Home Technology How Emerson’s flow-control tech helped BioBusiness fight COVID-19 in Egypt

How Emerson’s flow-control tech helped BioBusiness fight COVID-19 in Egypt


Moataz Mamdouh, sales manager, Fluid Control Pneumatics at Emerson outlines its role in helping one of its customers develop a ventilator to tackle COVID-19 in Egypt.

As the COVID-19 pandemic spread across the globe, Egyptian health authorities recognised the likely shortage of critical medical equipment, especially ventilators. Egypt has very little domestic device-manufacturing capacity, and, in early 2020, no-one was producing ventilators. A company named BioBusiness was interested in taking up the challenge, but they recognised precise pressure and flow control would be critical to success and turned to Emerson for expert assistance.

BioBusiness was founded in 2009, and is headquartered in Giza, southwest of Cairo. Today the company designs, develops, manufactures, and distributes a range of medical products, including haemodynamic monitoring equipment, temporary pacemakers, oxygen-therapy generators, and patient- and tele-monitoring systems. To help Egypt provide the respiratory care its citizens desperately needed to survive the virus, BioBusiness set out to develop the first ventilator with 100% Egyptian technology — one that could compete with European and American devices. In this endeavour, they had the support of the Egyptian Academy of Scientific Research and Technology as well as the Supreme Council of University Hospitals, which served as the lead partner in clinical trials.

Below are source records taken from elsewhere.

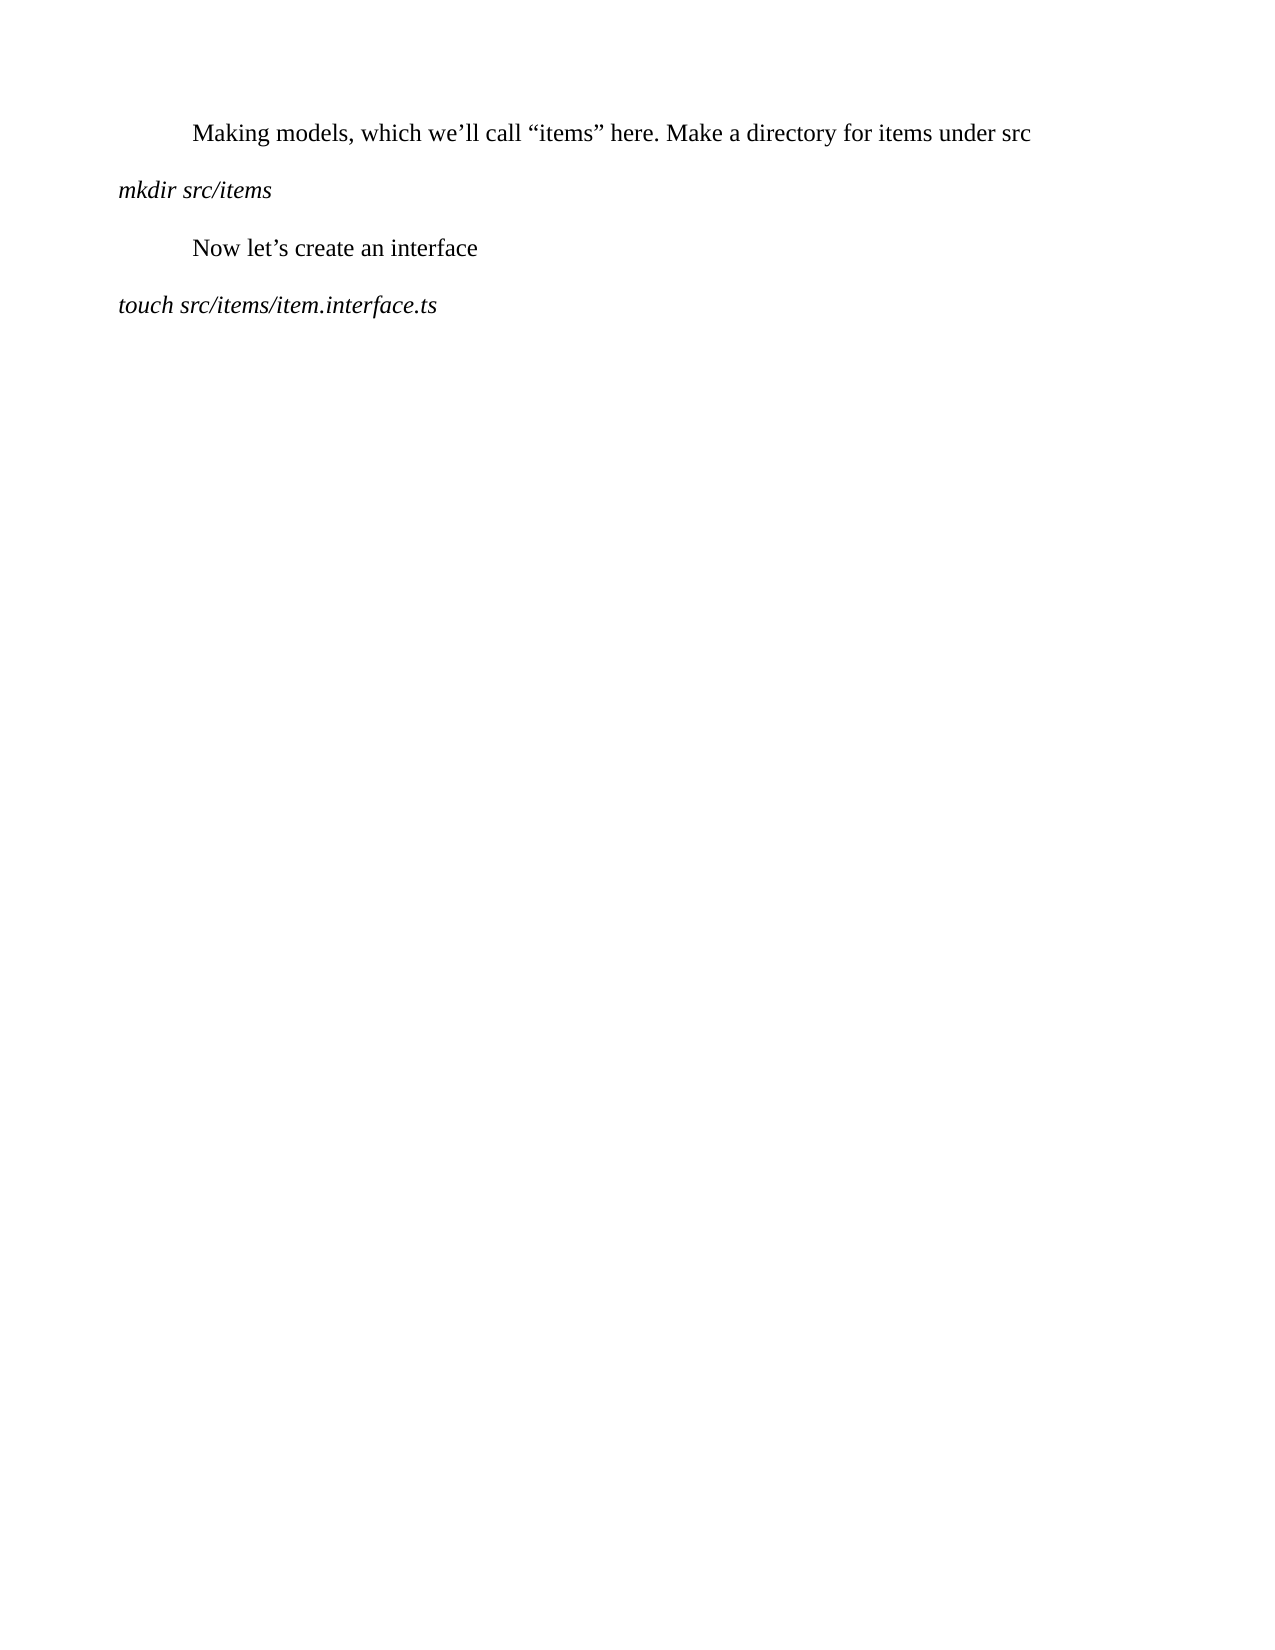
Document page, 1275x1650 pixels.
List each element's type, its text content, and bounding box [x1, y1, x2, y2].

text Making models, which we’ll call “items” here. Make a directory for items under src [118, 118, 1157, 147]
text mkdir src/items [118, 176, 1157, 204]
text touch src/items/item.interface.ts [118, 291, 1157, 319]
text Now let’s create an interface [118, 233, 1157, 262]

“Although many organisations in the Middle East and Africa have tried to produce this type of device,” noted Eng. Mostafa El-Wakeel, CEO of BioBusiness, “none had been able to complete the task and deliver a final product. We were determined that this effort would be successful.”

The objective was to develop a basic platform with internal components that could support all types of treatment, from non-invasive oxygen delivery to more invasive therapies that use an endotracheal tube or tracheostomy tube. Production and approvals would take place in phases, starting with high-flow oxygen devices, then noninvasive machines and finally invasive ventilators.

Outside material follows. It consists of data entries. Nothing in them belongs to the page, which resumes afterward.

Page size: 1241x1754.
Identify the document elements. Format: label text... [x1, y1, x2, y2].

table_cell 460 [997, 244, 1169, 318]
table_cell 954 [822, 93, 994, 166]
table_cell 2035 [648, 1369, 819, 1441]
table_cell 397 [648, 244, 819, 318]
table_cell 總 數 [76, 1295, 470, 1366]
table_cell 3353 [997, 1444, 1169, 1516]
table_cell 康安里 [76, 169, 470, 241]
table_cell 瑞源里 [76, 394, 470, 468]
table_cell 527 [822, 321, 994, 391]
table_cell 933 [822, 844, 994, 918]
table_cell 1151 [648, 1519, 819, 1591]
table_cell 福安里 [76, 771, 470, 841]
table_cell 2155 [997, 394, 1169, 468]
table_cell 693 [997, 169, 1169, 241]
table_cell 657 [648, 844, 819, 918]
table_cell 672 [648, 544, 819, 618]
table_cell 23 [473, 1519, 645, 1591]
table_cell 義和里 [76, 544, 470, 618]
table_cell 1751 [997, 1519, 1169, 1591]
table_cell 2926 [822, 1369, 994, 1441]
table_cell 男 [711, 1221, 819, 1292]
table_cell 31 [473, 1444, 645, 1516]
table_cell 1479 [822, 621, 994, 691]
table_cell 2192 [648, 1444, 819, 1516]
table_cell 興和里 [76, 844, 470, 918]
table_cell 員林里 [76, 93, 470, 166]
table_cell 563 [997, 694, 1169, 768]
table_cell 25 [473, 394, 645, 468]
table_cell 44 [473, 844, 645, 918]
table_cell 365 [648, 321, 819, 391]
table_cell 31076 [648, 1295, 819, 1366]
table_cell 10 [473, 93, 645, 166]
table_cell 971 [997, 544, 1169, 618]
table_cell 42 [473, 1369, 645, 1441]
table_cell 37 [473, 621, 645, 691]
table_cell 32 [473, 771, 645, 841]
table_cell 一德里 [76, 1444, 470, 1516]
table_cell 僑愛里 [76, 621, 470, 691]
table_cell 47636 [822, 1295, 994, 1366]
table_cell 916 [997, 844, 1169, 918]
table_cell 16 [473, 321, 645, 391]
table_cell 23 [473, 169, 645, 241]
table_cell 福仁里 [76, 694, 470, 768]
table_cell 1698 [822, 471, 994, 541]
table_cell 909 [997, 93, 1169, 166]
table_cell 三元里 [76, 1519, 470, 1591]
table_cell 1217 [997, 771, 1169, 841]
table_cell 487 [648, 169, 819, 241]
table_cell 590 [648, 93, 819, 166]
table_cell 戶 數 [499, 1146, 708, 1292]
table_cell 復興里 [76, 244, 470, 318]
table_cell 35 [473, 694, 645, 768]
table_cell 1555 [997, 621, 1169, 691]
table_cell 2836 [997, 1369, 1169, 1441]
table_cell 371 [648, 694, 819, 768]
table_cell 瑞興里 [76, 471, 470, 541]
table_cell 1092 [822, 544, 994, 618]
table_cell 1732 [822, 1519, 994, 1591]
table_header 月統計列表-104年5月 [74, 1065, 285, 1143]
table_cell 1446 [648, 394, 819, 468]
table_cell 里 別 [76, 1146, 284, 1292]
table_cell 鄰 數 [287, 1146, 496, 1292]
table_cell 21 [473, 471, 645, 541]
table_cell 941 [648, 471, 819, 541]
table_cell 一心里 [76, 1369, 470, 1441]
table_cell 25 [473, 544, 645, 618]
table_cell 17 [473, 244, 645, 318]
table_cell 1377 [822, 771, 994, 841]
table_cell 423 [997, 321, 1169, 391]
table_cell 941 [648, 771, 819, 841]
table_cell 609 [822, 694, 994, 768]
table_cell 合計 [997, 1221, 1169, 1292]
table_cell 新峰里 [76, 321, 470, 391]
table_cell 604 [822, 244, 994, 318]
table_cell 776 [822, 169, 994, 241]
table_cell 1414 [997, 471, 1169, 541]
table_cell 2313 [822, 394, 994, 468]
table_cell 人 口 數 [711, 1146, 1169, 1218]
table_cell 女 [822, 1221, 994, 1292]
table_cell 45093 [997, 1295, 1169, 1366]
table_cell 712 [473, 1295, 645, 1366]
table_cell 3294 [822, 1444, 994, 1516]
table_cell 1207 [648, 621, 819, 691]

BioBusiness has substantial R&D and manufacturing talent, and they were able to design a system that used 70% local product content, including software as well as many internal components and cables. There is no indigenous source, however, for the all-important pressure- and flow-control valves and regulators. To meet this need, BioBusiness turned to Emerson for ASCO valves and AVENTICS regulators that are proven in similar applications. Emerson has considerable experience working with other ventilator manufacturers, and they were able to collaborate with BioBusiness to build a prototype, completing the project ahead of schedule. Emerson’s technical expertise and local customer-service organisation proved indispensable in the fast-track development project.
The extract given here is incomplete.